Humans have spread non-native animals and plants around the world and they have done so at an unprecedented rate in the last century. The establishment and spread of exotic species are a major threat to worldwide biodiversity (Drake and ICSU 1989, Cox 1999). Amphibians have been greatly affected by introduced species through direct predation and competition. In addition, recent studies have found that other factors of decline, such as habitat modification (Adams 2000), chemical contaminants (Relyea Rick and Mills 2001), UV-B (Kats et al. 2000), and disease (Kiesecker et al. 2001) work synergistically to exacerbate the negative affects of introduced species on native amphibians. Below we describe a few well studied examples.

Introduced trout and the decline of the mountain yellow-legged frog

Prior to the mid-1800s, more than 99% of the lakes and ponds in the Sierra Nevada above 7,000 ft were fishless (Knapp 1996). Documented historical accounts from Joseph Grinnell and Tracy Storer (published in 1924) from the University of California's Museum of Vertebrate Zoology claim that the mountain yellow-legged frog, Rana muscosa, was once the most common vertebrate in these high elevation ponds and lakes. Starting in the mid-1800’s, trout have been introduced throughout the Sierra Nevada for sport fishing. Now, more than 80% of these naturally-fishless lakes contain non-native trout and R. muscosa has declined from greater than 80% its historic range (Bradford et al. 1994). The most widely introduced non-native trout species include rainbow trout (Oncorhynchus mykiss), golden trout (Oncorhynchus mykiss aguabonita), rainbow trout x golden trout hybrids, brook trout (Salvelinus fontinalis), and brown trout (Salmo trutta) (Knapp 1996). Introduced trout prey on R. muscosa (Needham and Vestal 1938; Mullally and Cunningham 1956) and several studies have implicated introduced trout as one of the main sources of their decline (Bradford 1989; Bradford et al. 1993; Jennings 1996; Knapp 1996; Drost and Fellers 1996).
R. muscosa and trout photo
R. muscosa and trout photos © Vance Vredenburg

Despite the extensive evidence that trout are capable of eliminating R. muscosa populations, Fortunately, fish stocking has been stopped in National Parks and Forest Service wilderness areas. A recent study compared the occurrence of frogs and fish in Kings Canyon National Park to those in the John Muir Wilderness and found that frogs were more abundant in the National Park whereas fish were more abundant in the wilderness area (Knapp and Matthews 2000). A trout removal study (Vredenburg 2004) at three Sierra lakes in Kings Canyon showed rapid recovery of Rana muscosa and also identified the vulnerable stage of the frog life cycle as the tadpole with caged fish experiments. Another attempt was made to repeat the results at another series of lakes (Knapp, Boiano and Vredenburg 2007) and the frog populations again quickly increased. In addition, lakes without any frogs were colonized after fish were removed, creating the beginnings of a metapopulation of Rana muscosa. These re-colonization events give hope that this frog can return to being the most common vertebrate in the high elevation Sierra Nevada if they can also withstand disease, contaminants and UV radiation. Unfortunately Davidson and Knapp (2007) have suggested that pesticides blown into Sierran aquatic habitats from the California Central Valley are also negatively affecting the populations of R. muscosa and may limit recovery at some locations even after the removal of introduced trout. If you would like to learn more about R. muscosa visit the species account on AmphibiaWeb Rana muscosa or visit www.mylfrog.info.

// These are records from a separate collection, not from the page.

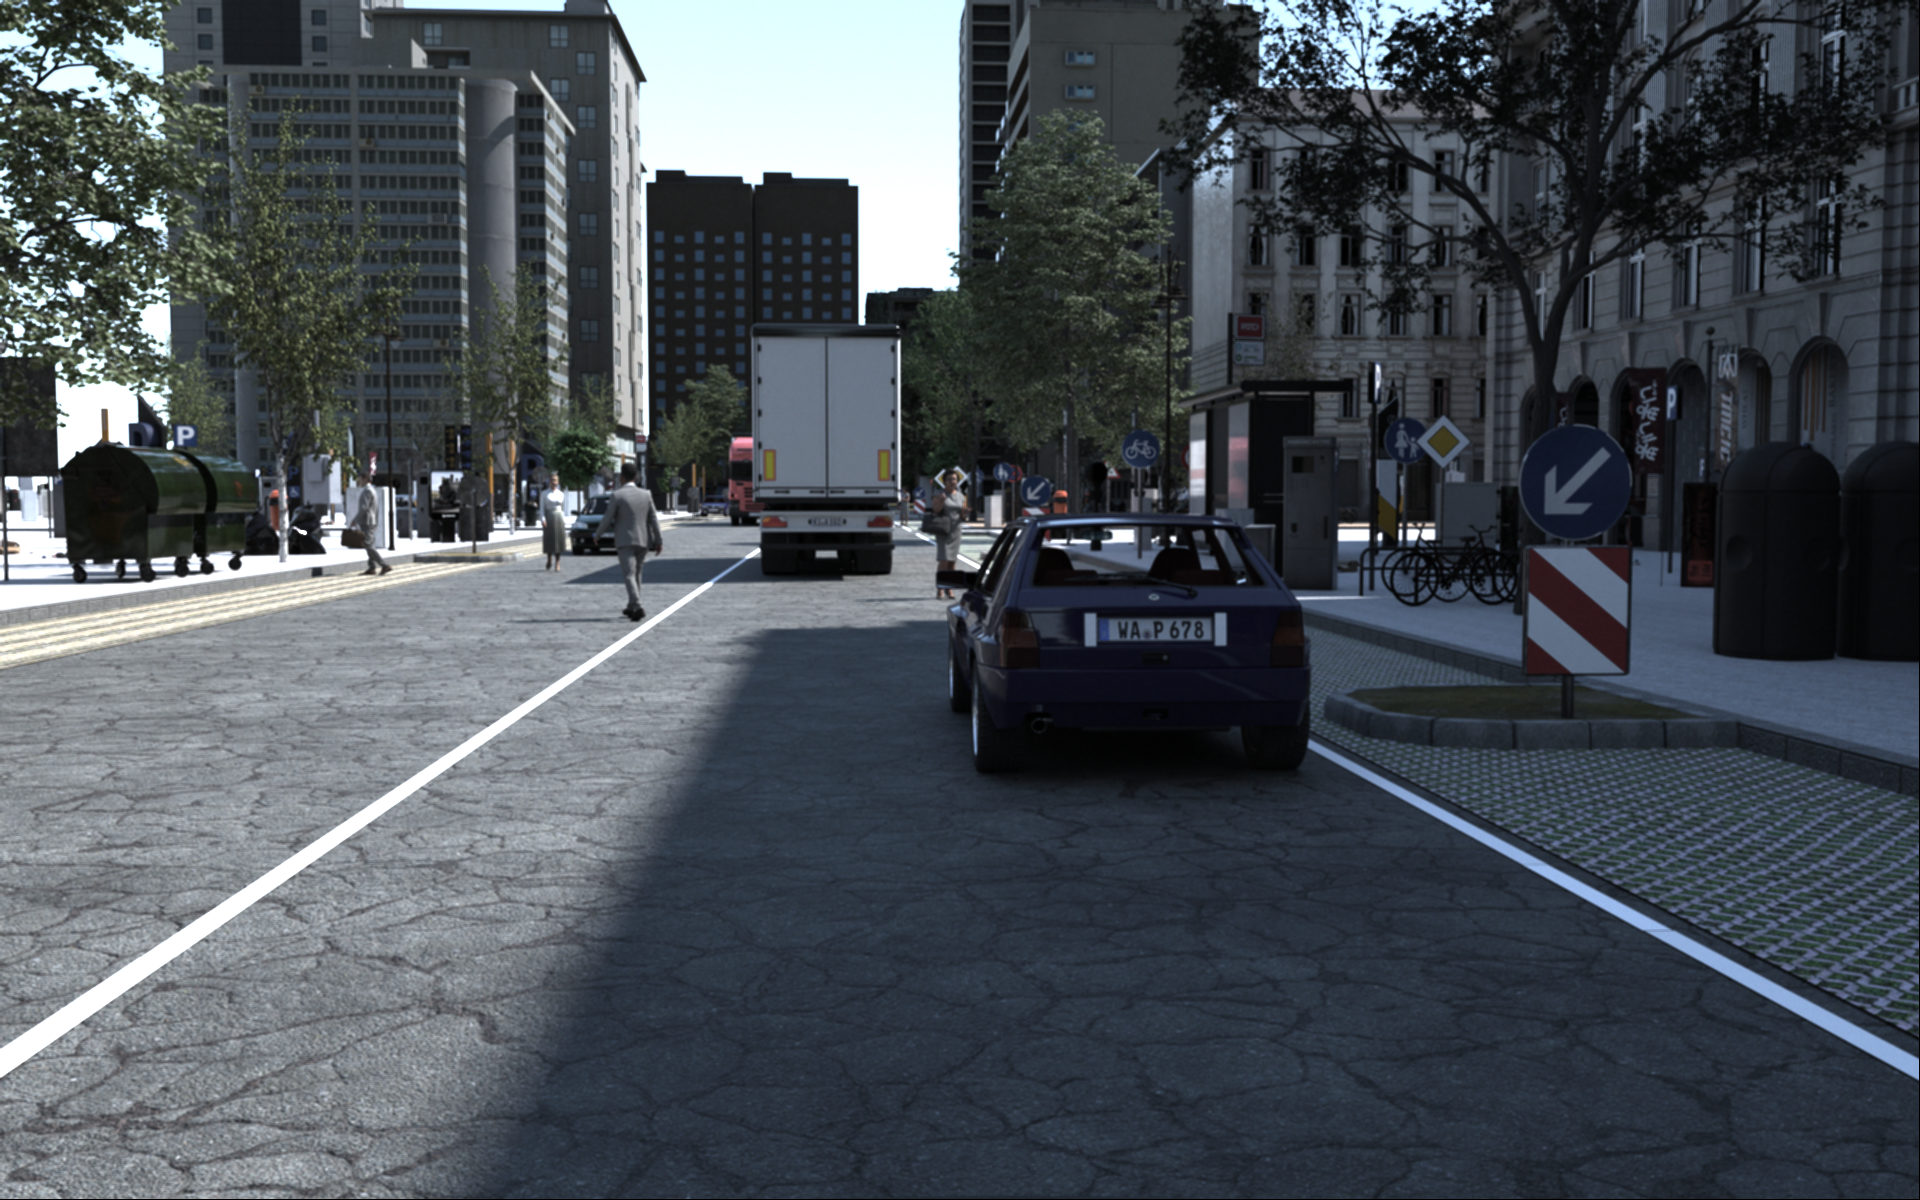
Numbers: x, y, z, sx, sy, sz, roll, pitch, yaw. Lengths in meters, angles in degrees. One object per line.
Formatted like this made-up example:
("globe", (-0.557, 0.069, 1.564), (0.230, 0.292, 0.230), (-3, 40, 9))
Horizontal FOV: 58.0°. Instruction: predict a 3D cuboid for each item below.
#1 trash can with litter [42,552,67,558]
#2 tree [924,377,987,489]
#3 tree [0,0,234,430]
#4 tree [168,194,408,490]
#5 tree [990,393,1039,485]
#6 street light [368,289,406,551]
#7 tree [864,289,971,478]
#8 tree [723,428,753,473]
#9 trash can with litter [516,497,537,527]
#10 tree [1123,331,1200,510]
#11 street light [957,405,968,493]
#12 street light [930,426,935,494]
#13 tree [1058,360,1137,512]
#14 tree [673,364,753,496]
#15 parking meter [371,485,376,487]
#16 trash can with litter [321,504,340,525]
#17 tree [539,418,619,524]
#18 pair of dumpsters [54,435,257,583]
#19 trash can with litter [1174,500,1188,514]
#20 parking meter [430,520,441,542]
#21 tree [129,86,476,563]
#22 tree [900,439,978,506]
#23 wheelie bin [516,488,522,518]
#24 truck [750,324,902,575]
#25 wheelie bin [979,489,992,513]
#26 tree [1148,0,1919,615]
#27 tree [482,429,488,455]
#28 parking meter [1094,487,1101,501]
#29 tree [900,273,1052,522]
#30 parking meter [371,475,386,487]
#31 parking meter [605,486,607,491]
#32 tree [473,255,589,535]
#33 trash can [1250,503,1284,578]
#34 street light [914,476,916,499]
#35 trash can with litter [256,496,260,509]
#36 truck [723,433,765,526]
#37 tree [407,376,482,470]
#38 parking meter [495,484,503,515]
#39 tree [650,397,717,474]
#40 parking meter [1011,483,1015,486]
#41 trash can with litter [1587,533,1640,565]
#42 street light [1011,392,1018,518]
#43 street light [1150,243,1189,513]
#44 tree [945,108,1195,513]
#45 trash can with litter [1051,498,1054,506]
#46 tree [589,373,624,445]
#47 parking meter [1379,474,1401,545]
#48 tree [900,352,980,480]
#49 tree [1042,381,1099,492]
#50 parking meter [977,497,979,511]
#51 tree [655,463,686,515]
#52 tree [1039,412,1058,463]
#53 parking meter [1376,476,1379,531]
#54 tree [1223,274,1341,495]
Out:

Other Fish and Other Places

In addition to non-native trout in the high elevation Sierra Nevada, brown trout and rainbow trout have also been introduced throughout the range of the spotted tree frog (Litoria spenceri) in South-Eastern Australia (Gillespie 2001). L. speceri has suffered severe population declines (it is listed nationally as critically endangered, see our AmphibiaWeb watch list) and the geographic patterns of decline correspond to the pattern of trout introductions, suggesting that trout are a significant factor in their declines. In addition, Gillespie (2001) conducted field and laboratory experiments to examine the effect of introduce trout on larval L. spenceri and found that brown trout significantly reduce survivorship.
world map of amphibian declines
Litoria spenceri photo ©2002 Jean-Marc Hero

Besides trout, other fish species have been introduced accidentally and intentionally into freshwater habitat worldwide. Several Centrarchid fish species, such as bluegill sunfish (Lepomis sp.) and smallmouth bass (Micropterus dolomieui), have been widely introduced throughout Western North America (Moyle and Light 1996), where they pose serious threats to amphibian populations. For example, Adams (2001) found that, in an enclosure experiment, bluegill sunfish (Lepomis gibbosus) decrease the survival of the northern red-legged frog (Rana aurora) and pacific treefrogs (Hyla regilla).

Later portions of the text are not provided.